Sederhana itu hanya milik orang-orang besar. Kalau Anda sudah cukup sederhana (baca: kere) untuk apa lagi hidup sederhana?

***

Kita kembali ke kantor kepresidenan. Sebelum mudik ke Solo, presiden Jokowi rupanya sudah mengambil keputusan penting dalam soal urusan Hankam. Yang pertama, dia mengusulkan Jendral TNI Gatot Nurmantyo yang sekarang menjabat Kepala Staf Angkatan Darat (Kasad) menjadi panglima TNI. Dan yang kedua, dia akan mengangkat Letjen TNI (Purn.) Dr. (H.C.) H. Sutiyoso menjadi Kepala Badan Intelijen Nasional.

Kedua orang yang akan memegang posisi penting ini adalah orang pesisir pantai utara (pantura).
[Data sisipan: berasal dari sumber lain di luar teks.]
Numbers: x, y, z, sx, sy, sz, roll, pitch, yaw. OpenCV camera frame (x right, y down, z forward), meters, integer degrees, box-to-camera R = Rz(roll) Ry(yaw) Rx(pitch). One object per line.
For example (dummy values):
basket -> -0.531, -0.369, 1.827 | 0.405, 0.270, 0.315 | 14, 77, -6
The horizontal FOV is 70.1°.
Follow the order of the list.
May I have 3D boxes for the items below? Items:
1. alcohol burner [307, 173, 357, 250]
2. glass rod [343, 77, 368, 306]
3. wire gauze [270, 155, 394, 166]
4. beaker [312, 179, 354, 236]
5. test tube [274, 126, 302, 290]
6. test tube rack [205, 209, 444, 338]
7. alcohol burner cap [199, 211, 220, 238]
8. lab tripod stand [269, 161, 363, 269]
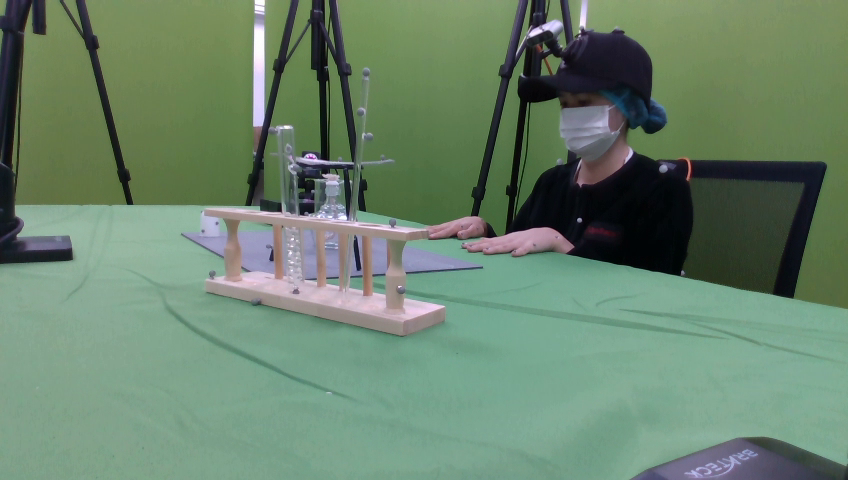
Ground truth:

Jawa. Gatot Nurmantyo adalah orang Tegal, sedangkan Sutiyoso orang Semarang. Sekalipun demikin, sulit menarik hubungan antara ketiban jabatan dengan tempat asal kelahiran.

***

Sekalipun hampir setahun menjadi Kasad, kita tidak banyak tahu tentang Gatot Nurmantyo. Memang karir militernya dipampang untuk publik. Tapi kita tidak tahu, misalnya, arloji apakah yang dia pakai.

Anda tahu, sejak Jenderal Moeldoko menjadi Panglima TNI, soal arloji ini jadi penting. Moeldoko pernah dituduh media Singapura mengenakan arloji Richard Mille RM 011 Felipe Massa Flyback ‘Black Kite’ edisi terbatas (hanya ada 30 biji di dunia), yang harganya $100,000.00 atau Rp 1.3 milyar per biji. Reaksi Jenderal Moeldoko pun sangat mengesankan. Dia mengadakan konferensi pers dan di sana dia membanting jam tangan itu di depan para wartawan. Dia bilang, semua arloji mewah yang dia miliki adalah arloji KW alias palsu.

Tapi toh Jenderal Moeldoko tidak bisa lepas dari arloji. Menjelang pensiun, Jendral Moeldoko membagi-bagikan 55 ribu buah arloji kepada prajurit TNI. Lima puluh lima ribu! Pernah lihat arloji sebanyak itu?

Tapi sekali lagi, tidak ada hubungan antara arloji dengan ketepatan waktu. Jadi kalau Anda ada acara dengan Jenderal Moeldoko dan beliau terlambat, itu bukan salah arlojinya. Itu karena Jenderal Moeldoko, sama seperti kita, orang Indonesia yang memang selalu kena masalah lalu-lintas dan akhirnya terlambat.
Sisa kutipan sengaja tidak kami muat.